Now for what doesn’t work. At all. P.J. is excited because her college newspaper editor, Lissa, is visiting from New York City. P.J. obviously looks up to her, but when she arrives, she does so with three friends in tow and they so clearly are meant to represent the four women on Sex and the City that it’s insulting. When the bus splashes Not!Carrie! just like in SATC's credits, I want to cry. P.J. tries to act like nothing has changed, but at brunch Not!Charlotte! uses the word “champers,” Not!Miranda! is rude to the waiter, and Not!Samantha! makes so many double entendres that P.J. almost commits seppuku right there at the table. I know the writers were probably trying to do a “we are not a Sex and the City retread, look at what Sex and the City really was” thing here, but it is completely unsuccessful on almost every level. The first problem is it’s not funny. The second problem is it’s not clever. The third problem is it made me think about the fact that I watched every episode of Sex and the City even though I sort of hated it most of the time. Why did I do that?

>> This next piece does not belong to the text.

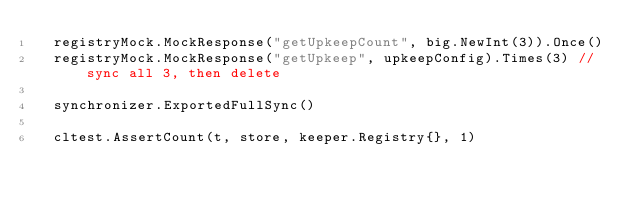Convert code to text. <code><loc_0><loc_0><loc_500><loc_500><_Go_>	registryMock.MockResponse("getUpkeepCount", big.NewInt(3)).Once()
	registryMock.MockResponse("getUpkeep", upkeepConfig).Times(3) // sync all 3, then delete

	synchronizer.ExportedFullSync()

	cltest.AssertCount(t, store, keeper.Registry{}, 1)</code> 
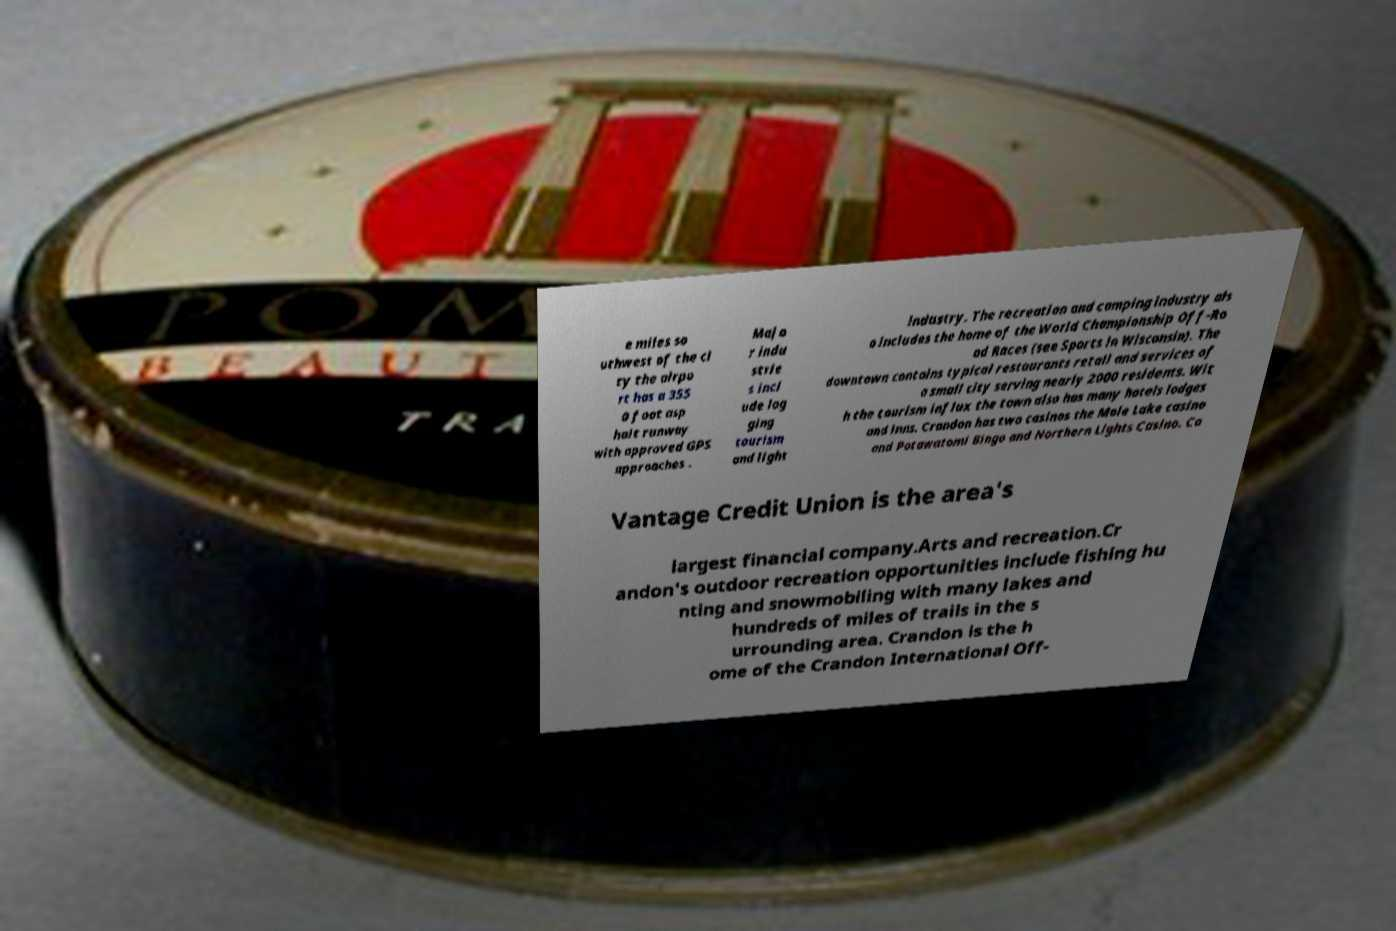Can you read and provide the text displayed in the image?This photo seems to have some interesting text. Can you extract and type it out for me? e miles so uthwest of the ci ty the airpo rt has a 355 0 foot asp halt runway with approved GPS approaches . Majo r indu strie s incl ude log ging tourism and light industry. The recreation and camping industry als o includes the home of the World Championship Off-Ro ad Races (see Sports in Wisconsin). The downtown contains typical restaurants retail and services of a small city serving nearly 2000 residents. Wit h the tourism influx the town also has many hotels lodges and inns. Crandon has two casinos the Mole Lake casino and Potawatomi Bingo and Northern Lights Casino. Co Vantage Credit Union is the area's largest financial company.Arts and recreation.Cr andon's outdoor recreation opportunities include fishing hu nting and snowmobiling with many lakes and hundreds of miles of trails in the s urrounding area. Crandon is the h ome of the Crandon International Off-

Peppered throughout is an amusing gag about Andy’s new suburban neighbor “Fritzy,” who is so overly friendly that Andy resorts to driving his car down the driveway to get the paper in order to avoid seeing him. The best part is how Fritzy keeps pawning zucchini and zucchini-related foods off on Andy, including some sort of zucchini spread that Andy threw out of his car window onto the highway because it smelled like “hot pond.” This is so hilariously on point because everyone with a garden knows that if you grow zucchini in your yard, you will be eating zucchini every day for the entire summer. That is one bountiful vegetable. It also nicely sets up dynamics for next week’s episode where the gang goes to the suburbs for a get-together at Andy’s house.


Until then, my friends.

4 comments:

Bianca Reagan said...

The picture is lovely.

I liked the "and the City" part of this episode. The "Samantha" one made me giggle.

I wasn't so into Shecky, er, Fitzy. But I do enjoy grammar humor like Andy does.

I loved at the end when Bobby and Mike hugged each other just because, and held on for a long time. So cute.

Sarah said...

I thought the episode was the best one so far. I agree that the whole Sex and the City got a little annoying.

I got a little excited when I saw Ryan too! Mmm mmm mmm! Since watching the episode I catch myself saying douchebag a lot more than usual.

Anonymous said...

About half the reason I watch this show is because PJ went to Northwestern, so I got all excited for an Evanston location shoot only to be let down. (Do they film any of this show in Chicago?) That bookstore PJ kept referring to? Not a real place, at least not when I was there. And I kind of resented the suggestion that anyone with the intelligence and savvy to become editor of the Daily Northwestern could turn into PJ's pathetic friend.

The Sex and the City parody was made even weirder by the fact that TBS aired a rerun of the show immediately after My Boys.

I did like the other stuff, though. I probably laughed hardest at the intervention, when Andy walked in and said "Kenny, when you act like you're on The Sopranos..."

Carrie said...

Anonymous, they actually film the show on the Paramount lot in Hollywood. I work on that lot and see their golf carts tooling around sometimes. Unfortunately, I've never had an actor sighting.

The best part about that Sopranos line was that it made no sense. When does Kenny do that? I wonder if that was an improv from Gaffigan.